Logically, the LTE network structure is divided into two parts: a radio access layer, Access Stratum and a non-access layer, Non-Access Stratum. The radio access layer includes all the equipment of the radio access network and the basic packet network; the layer without access includes methods for controlling (or managing) mobility, EMM, EPC Mobility Management.

Networks based on LTE Advanced provide access to high-quality network services - calls, high speed of downloading multimedia data, free use (excluding traffic) of some applications (mainly messengers). Unfortunately, due to the large number of devices and the improvement in the quality (and therefore size) of multimedia information, LTE networks will soon be unable to cope with the heavy load. In particular, the decimetric frequency spectrum used by LTE will not be able to provide access to resources with the necessary quality level (Qos), and then the device may simply disconnect from the network (base station refuses to serve a cell phone).

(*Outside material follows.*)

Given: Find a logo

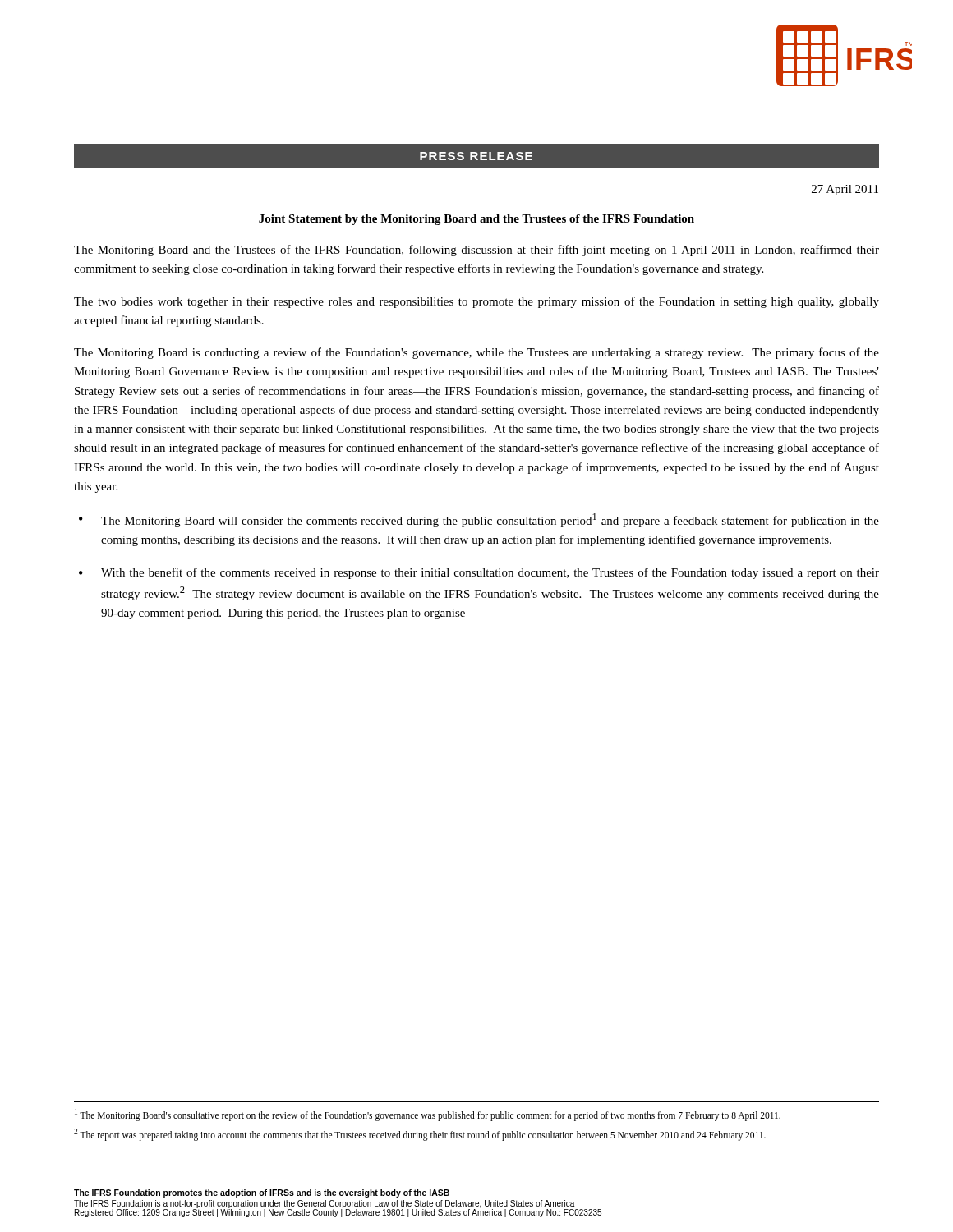Looking at the screenshot, I should (844, 55).

It is in order to prevent bandwidth saturation and in the future to release the decimeter spectrum for devices that consume few resources, by 2025 in Europe they plan to switch to the introduction of fifth generation networks (5G). Each generation of cellular communications should be different from the other: the first from the second - the transition from analog to digital modulation modes; the second from the third - the advent of additional services, such as high-speed Internet access; the fourth from the third - the transition from channel switching (distribution of incoming data) to packet and the implementation of IP-addressing, as in wired networks. The fifth generation from the fourth should differ in two parameters: the used frequency of the spectrum, that is, the transition to ultrashort waves, as well as the removal of load from base stations by transferring their functions to virtual machines. The inclusion of virtualization and cloud technology in the 5G architecture means more flexible and faster configuration, as well as cheaper deployment, since there can be many virtual machines on one physical machine. By flexible settings, the author understands the creation of individual conditions for using communication services: personal tariff plans that are tailored to the needs of each subscriber; control the amount of data consumed by all applications.

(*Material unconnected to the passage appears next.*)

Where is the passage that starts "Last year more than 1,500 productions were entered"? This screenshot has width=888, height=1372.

So, according to the specification 3GPP TS 38.300 version 15.3. 1 Release 15, the general device of the fifth generation networks is based on New Radio technology and will be divided into two parts, like the previous generation: 5GC (Core Network) i.e. the core network and NG-RAN (Next Generation Radio Access Network), then there is a next generation radio access network. The core network should consist of two main devices that separate utility and user functions. These devices are called “functions”: AMF (Access and Mobility Management Function), a function responsible for providing access and controlling the maintenance of a network signal when moving a subscriber; UPF (User Plane Function), responsible for the transmission of user traffic.

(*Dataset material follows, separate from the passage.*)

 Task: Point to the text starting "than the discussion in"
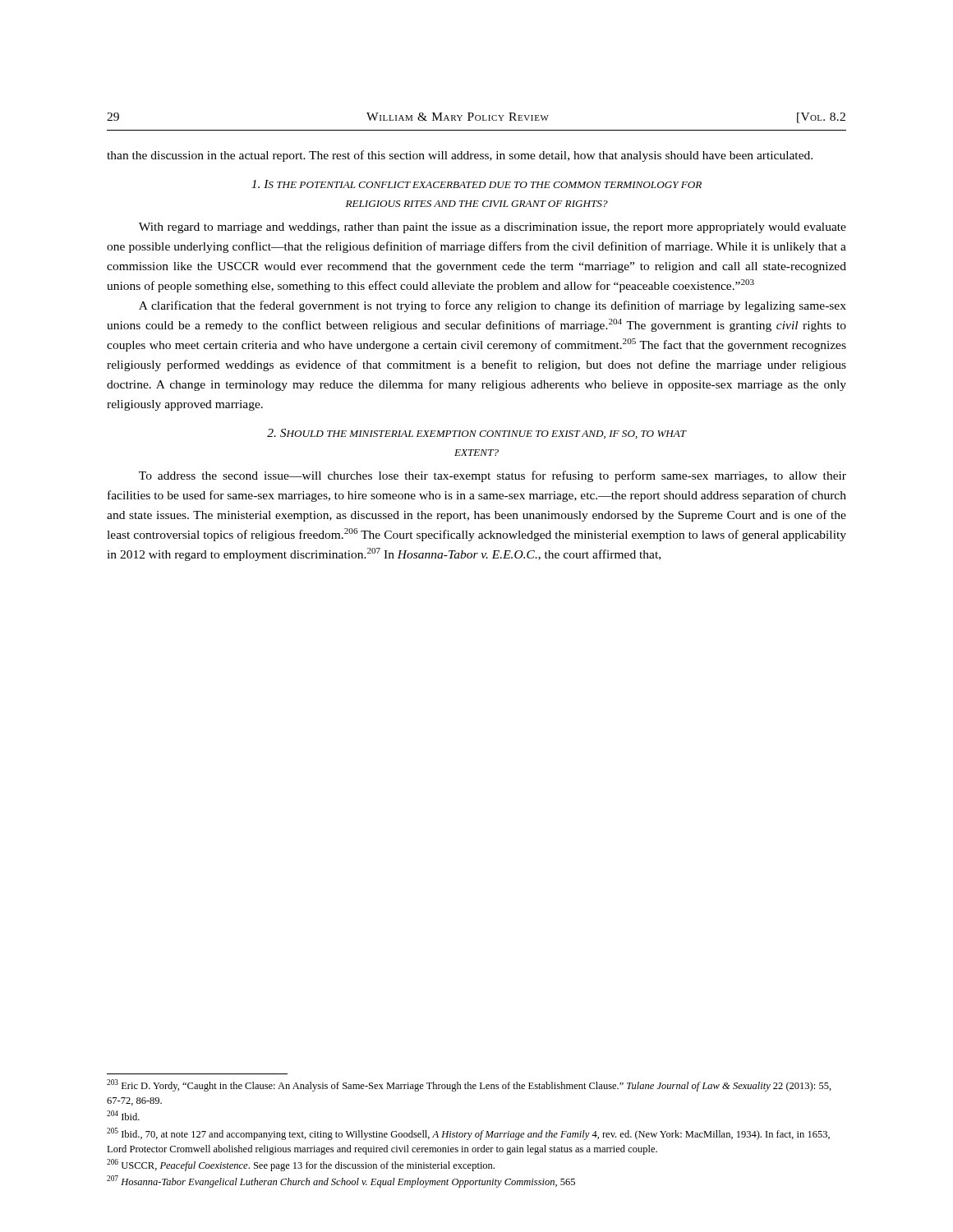[476, 155]

Additionally, other “functions” are included in the network architecture: SMF (Session Management function), a session management function, distributes IP addresses for user devices, manages and monitors traffic passing through the user plane function, selects UPF to move traffic to its destination; AUSF (Authentication Server Function), user device authentication server function; UDM (Unified Data Function), is a repository of registration data, security information and various subscriptions of the subscriber; PCF (Policy Control Function), a policy management function that controls a single network behavior policy and the behavior policy of each network plane (user and service); AF (Application Function), an application function that queries the session management function,

The radio access network consists of two types of base stations: gNBs operating in the fifth generation network and ng-eNBs operating in the fourth (E-UTRAN) or previous generation network. Both types of base stations must be connected by the Xn interface, and the connection of base stations with function blocks by the NG interface. As with LTE networks, the NG interface is different for devices that communicate with each other. In total, the specification of 3GPP TR 23.799, released in December 2016, defines 15 types of NG interfaces, with numbers from 1 to 15. It is not possible to describe all 15 types of communication systems in the article, so the author will only give five of them. So, NG1 is a "reference point" between the user device and AMF, NG2 - connects the base station with AMF; the base station is also connected via the NG3 interface to the user plane function, which, in turn, is connected via the NG4 interface to the session management function, and Internet access and operator services are provided through the NG6 interface. The AF application function is connected to the session management function via the NG5 interface.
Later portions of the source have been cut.